• [Records for the exercise]:

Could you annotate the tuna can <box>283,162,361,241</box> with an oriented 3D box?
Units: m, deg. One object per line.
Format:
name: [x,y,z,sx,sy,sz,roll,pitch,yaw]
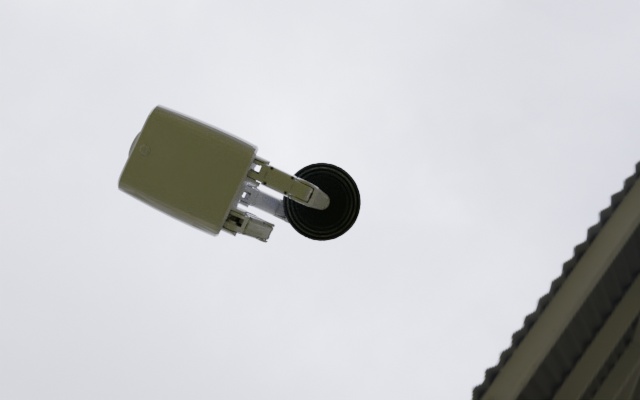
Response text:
tuna can: [0.000,0.002,0.535,0.086,0.086,0.034,0,-1,-7]
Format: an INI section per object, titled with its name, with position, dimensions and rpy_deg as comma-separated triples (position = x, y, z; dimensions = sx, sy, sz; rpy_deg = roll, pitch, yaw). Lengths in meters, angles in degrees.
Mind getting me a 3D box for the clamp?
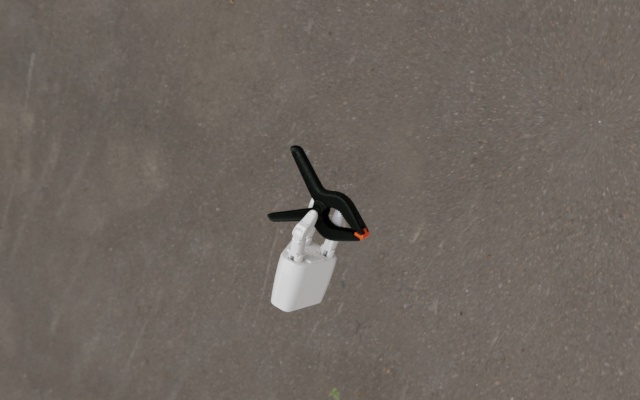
[clamp]
position = 0.000, 0.003, 0.877
dimensions = 0.210, 0.165, 0.036
rpy_deg = 26, 26, 24
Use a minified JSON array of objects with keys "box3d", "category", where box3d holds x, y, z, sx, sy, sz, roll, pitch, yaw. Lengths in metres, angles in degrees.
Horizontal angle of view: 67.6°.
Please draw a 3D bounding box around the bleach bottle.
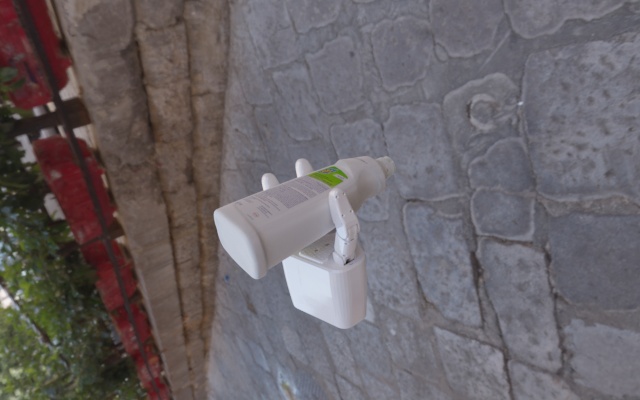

• [Task objective]:
Go through the listing above and pull out each line containing the word "roll".

• [Written reply]:
name: [x,y,z,sx,sy,sz,roll,pitch,yaw]
Format: an INI section per object, titled with its name, with position, dimensions and rpy_deg as comma-separated triples (position = x, y, z; dimensions = sx, sy, sz; rpy_deg = roll, pitch, yaw). Lengths in meters, angles in degrees.
Use a minified JSON array of objects with keys "box3d", "category", where box3d holds x, y, z, sx, sy, sz, roll, pitch, yaw. Lengths in metres, angles in degrees.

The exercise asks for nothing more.